# Your objective:
Lines with the word "listed" are the ones wanted. Copy each of them from the entries below.

BEGIN Exercise input

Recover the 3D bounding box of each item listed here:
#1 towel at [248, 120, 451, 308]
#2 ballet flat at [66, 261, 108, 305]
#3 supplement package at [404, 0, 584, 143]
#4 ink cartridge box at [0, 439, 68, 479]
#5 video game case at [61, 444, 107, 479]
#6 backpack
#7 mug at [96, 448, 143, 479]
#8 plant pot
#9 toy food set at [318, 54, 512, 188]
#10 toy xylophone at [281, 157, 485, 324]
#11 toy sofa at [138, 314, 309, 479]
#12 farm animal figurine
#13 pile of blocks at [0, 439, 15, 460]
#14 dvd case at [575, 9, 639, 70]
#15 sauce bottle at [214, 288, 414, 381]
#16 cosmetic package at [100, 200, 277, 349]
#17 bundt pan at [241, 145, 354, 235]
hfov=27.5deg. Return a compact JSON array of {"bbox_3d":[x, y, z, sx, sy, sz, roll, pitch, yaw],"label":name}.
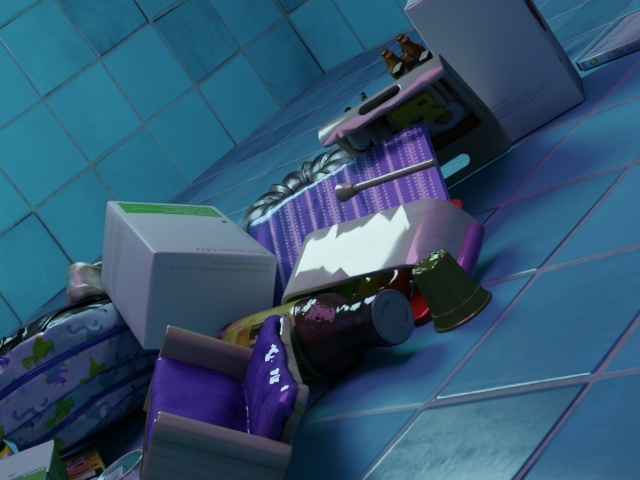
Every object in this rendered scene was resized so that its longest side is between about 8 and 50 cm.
[{"bbox_3d":[0.046,-0.007,1.948,0.336,0.040,0.243,-30,51,20],"label":"towel"},{"bbox_3d":[-0.346,0.089,2.406,0.107,0.106,0.316,-32,-24,23],"label":"ballet flat"},{"bbox_3d":[0.297,-0.333,2.221,0.175,0.293,0.177,-31,13,19],"label":"supplement package"},{"bbox_3d":[-0.404,0.341,1.759,0.109,0.062,0.209,-20,9,-6],"label":"ink cartridge box"},{"bbox_3d":[-0.433,0.386,1.873,0.275,0.035,0.248,-22,9,-13],"label":"video game case"},{"bbox_3d":[-0.398,0.215,2.112,0.290,0.273,0.355,-27,-17,18],"label":"backpack"},{"bbox_3d":[-0.206,0.308,1.568,0.157,0.097,0.129,-25,15,40],"label":"mug"},{"bbox_3d":[0.155,0.056,1.611,0.083,0.079,0.083,-33,11,7],"label":"plant pot"},{"bbox_3d":[0.157,-0.157,2.070,0.219,0.092,0.306,-31,-29,15],"label":"toy food set"},{"bbox_3d":[0.081,0.010,1.793,0.322,0.081,0.236,-8,46,46],"label":"toy xylophone"},{"bbox_3d":[-0.120,0.188,1.508,0.362,0.150,0.177,-113,39,-77],"label":"toy sofa"},{"bbox_3d":[0.251,-0.308,2.604,0.330,0.172,0.327,-7,42,51],"label":"farm animal figurine"},{"bbox_3d":[-0.590,0.373,2.235,0.112,0.149,0.362,-38,13,-16],"label":"pile of blocks"},{"bbox_3d":[0.583,-0.380,2.279,0.180,0.022,0.253,-43,14,-32],"label":"dvd case"},{"bbox_3d":[-0.014,0.127,1.716,0.344,0.111,0.111,-23,17,50],"label":"sauce bottle"},{"bbox_3d":[-0.214,0.050,2.040,0.197,0.155,0.365,3,11,-22],"label":"cosmetic package"},{"bbox_3d":[-0.017,-0.066,2.448,0.331,0.124,0.331,-34,13,9],"label":"bundt pan"}]
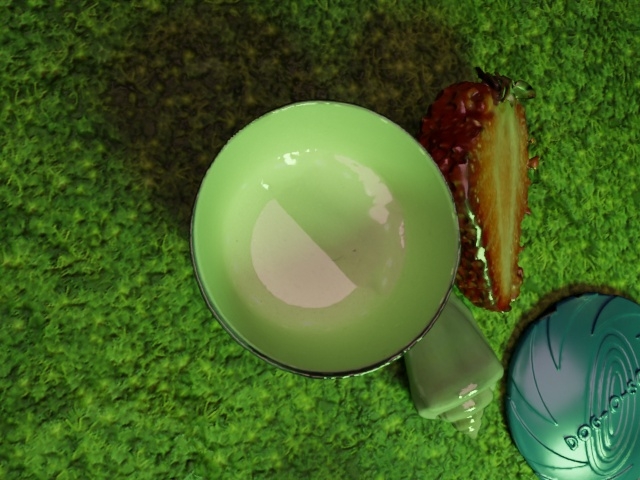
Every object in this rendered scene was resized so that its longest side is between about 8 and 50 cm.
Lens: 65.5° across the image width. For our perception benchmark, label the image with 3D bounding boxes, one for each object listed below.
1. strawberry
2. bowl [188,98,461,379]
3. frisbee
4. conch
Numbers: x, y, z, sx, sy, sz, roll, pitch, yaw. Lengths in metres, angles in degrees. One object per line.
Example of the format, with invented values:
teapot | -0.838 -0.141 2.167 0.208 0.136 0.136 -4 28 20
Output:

END Exercise input

# Result for this exercise:
Recover the 3D bounding box of each item listed here:
Lens: 65.5° across the image width. For our perception benchmark, label the image with 3D bounding boxes, one for each object listed below.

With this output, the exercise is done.